Президент же сказал поскучневшему менеджеру своей кампании: «Чарли, я практически каждый вечер ложусь в десять. Лягу и в этот». Он составил прощальную речь, в которой поздравил «избранного президента Митчелла» с победой и пообещал «лучшую передачу власти за всю историю страны». Писать речь, которую «кто-то произнесет, если победитель определится после десяти часов вечера», пришлось сотруднику Белого дома, специально для сочинения речей и нанятому. Этот бедняга, коему демонстративные надежды его шефа на проигрыш внушали чувства самые мрачные, первым делом напечатал слова: «Наконец-то свободен. Наконец-то свободен. Хвала Всемогущему Господу — я наконец-то свободен», но затем стер их, заменив шаблонной трепотней относительно «нового начала».
Последние недели предвыборной кампании выглядели странными даже по американским политическим меркам. Ратификация Двадцать восьмой поправки, ограничивавшей срок правления президента единственными четырьмя годами, привела к результату превратному — или, во всяком случае, обратному — росту симпатий к президенту Вандердампу. На следующий же день после голосования в Техасе отставание Вандердампа от Декстера сократилось до двух пунктов.

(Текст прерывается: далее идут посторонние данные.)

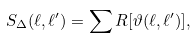Convert formula to latex. <formula><loc_0><loc_0><loc_500><loc_500>S _ { \Delta } ( \ell , \ell ^ { \prime } ) = \sum R [ \vartheta ( \ell , \ell ^ { \prime } ) ] ,</formula>

В результате представители Митчелла оказались в положении крайне невыгодном, им пришлось говорить, что, даже если президент Вандердамп выиграет, вновь обосноваться в Овальном кабинете он, по закону, не сможет. Подразумевалось при этом следующее: так что голосуйте за нас, какая вам разница? Беда состояла в том, что это самое «Голосуйте за нас, какая вам разница?» нисколько не походило на боевой клич, приятный политическому слуху Америки.
И потому в первый вторник ноября охваченная волнением нация глубоко вздохнула, пришла на избирательные участки, полюбовалась на избирательные машинки, клеточки в бюллетенях, перфокарты, поскребла в затылках и сказала себе: «Да какого…»
Бывший сенатор Митчелл провел ночь после выборов в декорациях «Пресоша» — и с обеими, если можно так выразиться, первыми леди — Рамоной и Терри. Две женщины заключили временное перемирие, однако выглядели способными в любую минуту выхватить пилки для ногтей и вонзить их одна другой в яремные вены. Эта неправдоподобная, хоть и вполне каноническая троица казалась словно нарочно созданной для захватывающего фоторомана. Один телевизионный комментатор сказал, что она поднимает известную шуточку, произнесенную президентом Клинтоном в 1992 году: выберете одного, вторую получите даром — «на новый уровень».
Верный своему слову президент Вандердамп поступил вопреки мольбам и протестам членов его избирательной команды: поблагодарил их и сразу после десяти вечера улегся спать. Следует отдать должное спокойствию разума и силе характера этого человека — к одиннадцати он и вправду заснул; впрочем, должное следует отдать также и проглоченной им таблетке снотворного. Попросить своего военного советника, чтобы тот уведомил Комитет начальников штабов о том, что главнокомандующий впал в спячку, он не потрудился.
Вскоре после часа ночи президента разбудила, легко похлопав его по плечу, первая леди.
— Мм?
— Дональд?
Что случилось, он понял сразу — едва увидев лицо Матильды.
— Мне очень жаль, милый, — сказала она.